Гронского я уже не застал. Он заболел психическим расстройством, и его эвакуировали в Минск.
Вместо Гронского нам прислали нового уполномоченного, известного деятеля кадетской партии и присяжного поверенного Кедрина. Это был низенький старик с седой эспаньолкой и в строгих очках. В серой бекеше он напоминал большую умную крысу. Его так и прозвали «Многоуважаемая крыса».
Говорил он скучно, вежливо, в военных делах был наивен до безобразия, деревни не знал, подлинной жизни не знал, занимался политическими выкладками и «анализом создавшегося положения» и, в общем, торчал в Замирье среди быстро разлагавшихся армейцев, как белая ворона.
Беженцев осталось мало. Большая часть их осела по окрестным селам. Работы у нас не было, и Романин затеял строить в Замирье баню.
Постепенно в постройку бани втянулось множество народа, томившегося без дела. Постройка превратилась в целую эпопею. Из Минска и даже из Москвы приезжали уполномоченные, техники, военные инженеры, специалисты по баням и печам. Романин со всеми спорил, ссорился, даже кой-кого выгонял.
Вшивый тыл ждал бани, как чуда. На Романина смотрели как на отца и благодетеля. Даже обозные солдаты и те козыряли Романину и повиновались ему.
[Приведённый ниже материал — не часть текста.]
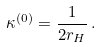Convert formula to latex. <formula><loc_0><loc_0><loc_500><loc_500>\kappa ^ { ( 0 ) } = \frac { 1 } { 2 r _ { H } } \, .</formula> 
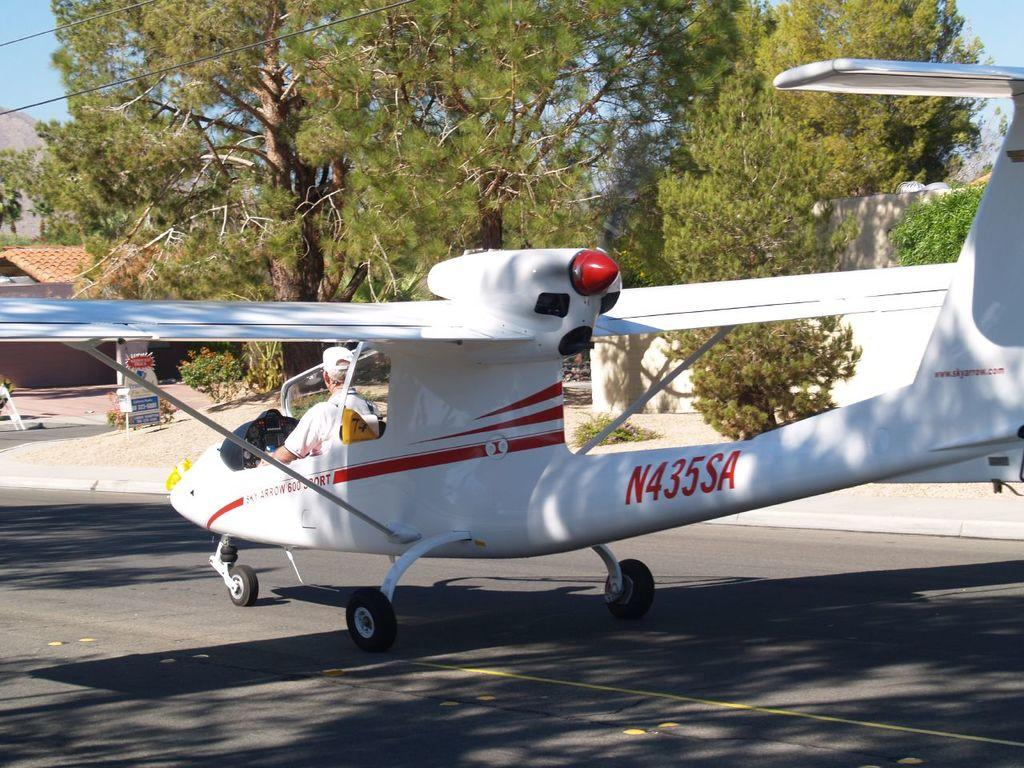What is the main subject of the image? The main subject of the image is an airplane. Where is the airplane located in the image? The airplane is on a runway. What can be seen in the background of the image? There are trees and the sky visible in the background of the image. What is the name of the person sitting in the airplane in the image? There is no person visible inside the airplane in the image, so it is not possible to determine their name. 
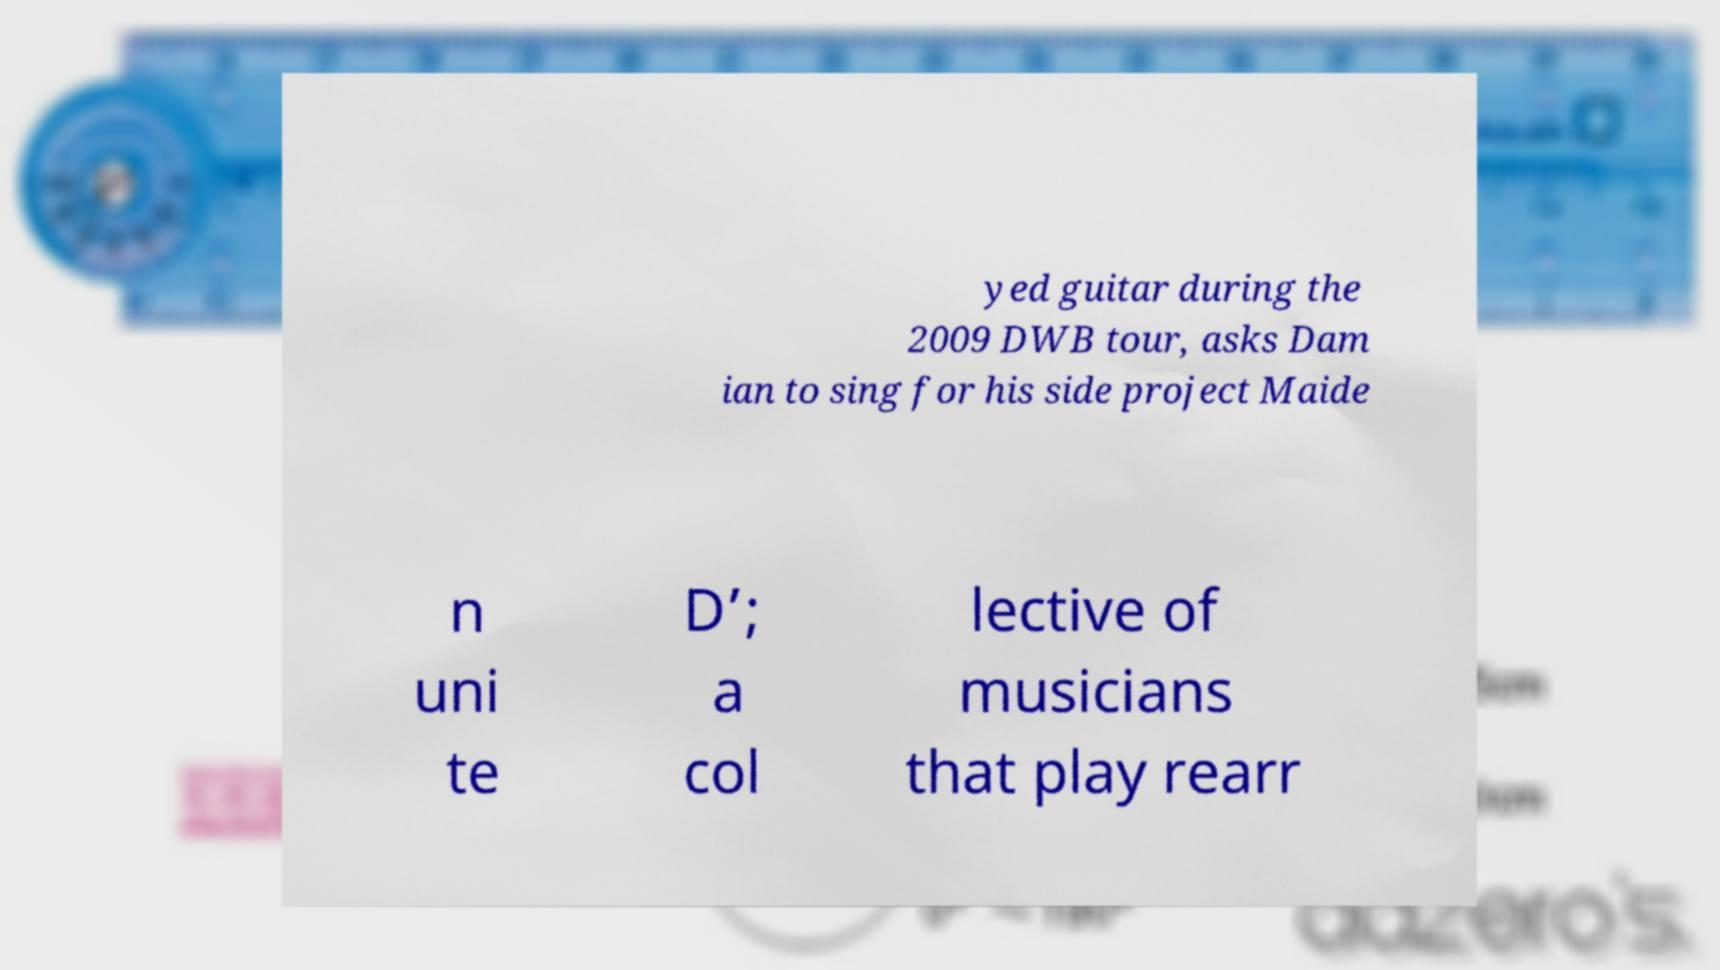Could you assist in decoding the text presented in this image and type it out clearly? yed guitar during the 2009 DWB tour, asks Dam ian to sing for his side project Maide n uni te D’; a col lective of musicians that play rearr 
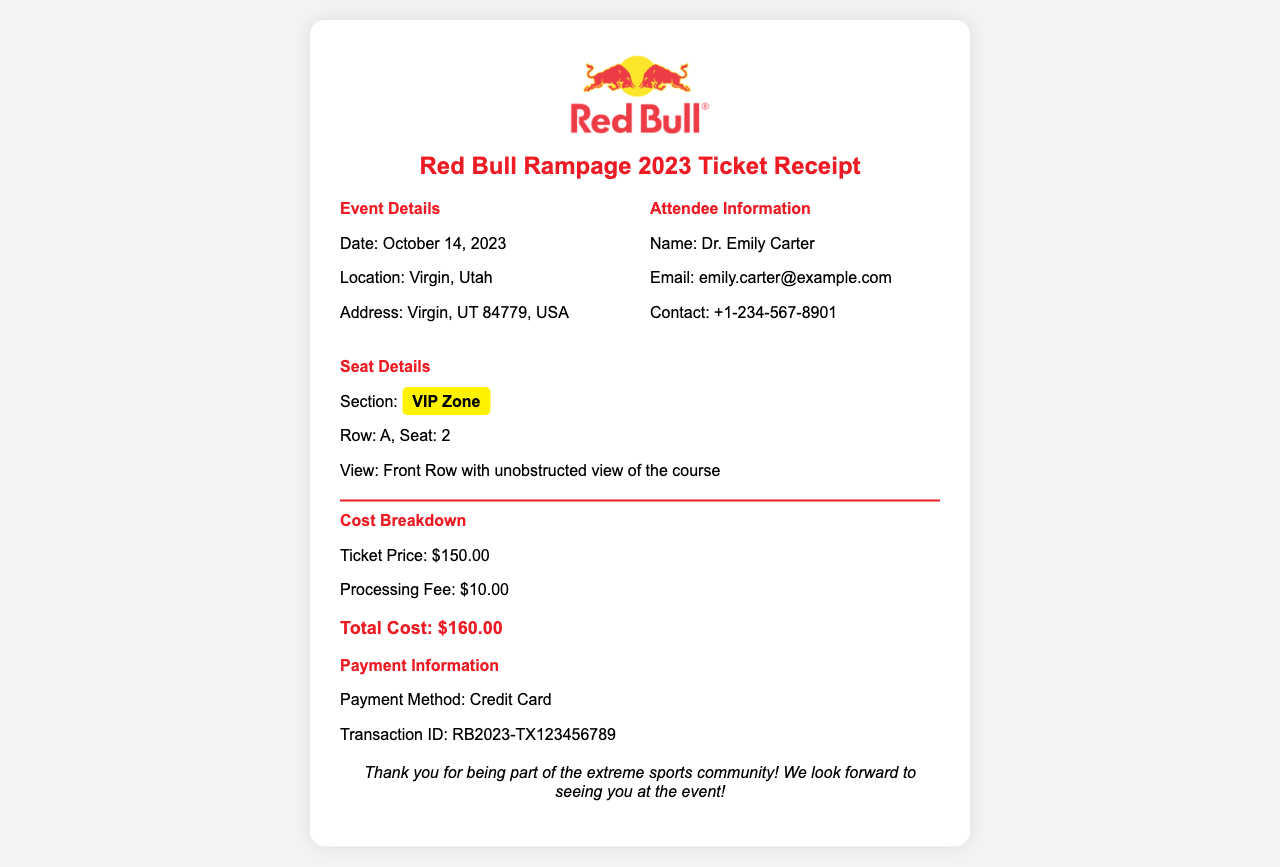what is the event date? The event date is clearly stated in the document, which is October 14, 2023.
Answer: October 14, 2023 what is the total cost of the ticket? The total cost of the ticket is mentioned in the cost details section as $160.00.
Answer: $160.00 who is the ticket holder? The ticket holder's name is provided under attendee information as Dr. Emily Carter.
Answer: Dr. Emily Carter what section and seat number is assigned? The section and seat number are outlined in the seat details section, which states VIP Zone, Row A, Seat 2.
Answer: VIP Zone, Row A, Seat 2 what is the processing fee? The processing fee is indicated in the cost breakdown section as $10.00.
Answer: $10.00 where is the event location? The event location is specified in the document as Virgin, Utah.
Answer: Virgin, Utah what type of payment method was used? The payment method is discussed in the payment information section, which notes Credit Card.
Answer: Credit Card what is the view from the assigned seat? The view from the assigned seat is described as Front Row with unobstructed view of the course.
Answer: Front Row with unobstructed view of the course what is the transaction ID for the payment? The transaction ID for the payment is outlined under payment information as RB2023-TX123456789.
Answer: RB2023-TX123456789 
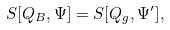<formula> <loc_0><loc_0><loc_500><loc_500>S [ Q _ { B } , \Psi ] = S [ Q _ { g } , \Psi ^ { \prime } ] ,</formula> 
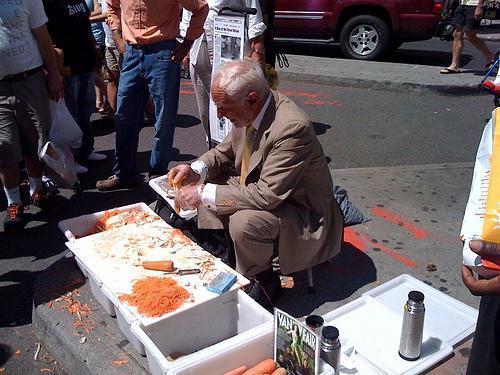What is the orange item?
Pick the correct solution from the four options below to address the question.
Options: Carrot, pumpkin pie, traffic cone, sticky note. Carrot. 
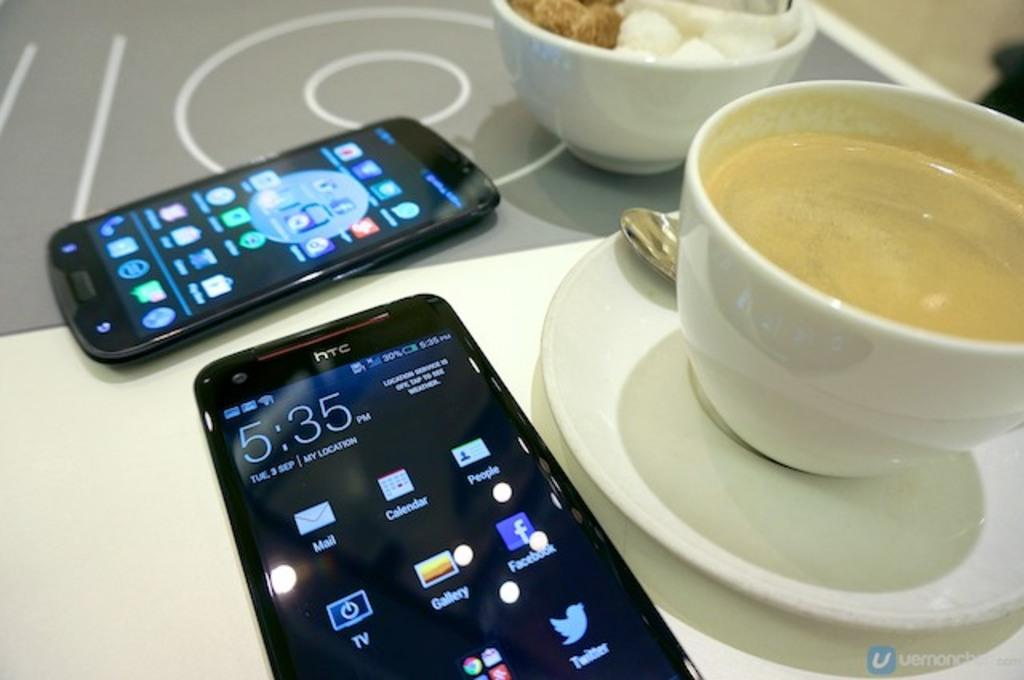<image>
Summarize the visual content of the image. Two htc phones display icons such as Mail, Calendar and the rest.

Кедрин по поводу постройки бани произносил за вечерним чаем обширные речи, очень умело построенные, подымавшиеся даже до обобщений. Банное дело не только философски обосновывалось, но и изображалось как одно из звеньев прогрессивной политики кадетской партии, которая в конце концов осчастливит измученную «матушку-Русь».
Речи Кедрина пестрели цитатами и именами. Он упоминал Туган-Барановского, Струве, даже Лассаля. Такие речи не стыдно было «закатить», как говорил Романин, даже с трибуны Государственной думы.
Но, в общем, все эти кедринские речи давали нам обильную пищу для шуток над престарелым кадетом. Кедрин шутки принимал всерьез и каждый раз сильно волновался.
Меня Романин все время гонял то в Несвиж, то в Мир, то в Слуцк и Минск за материалами для бани.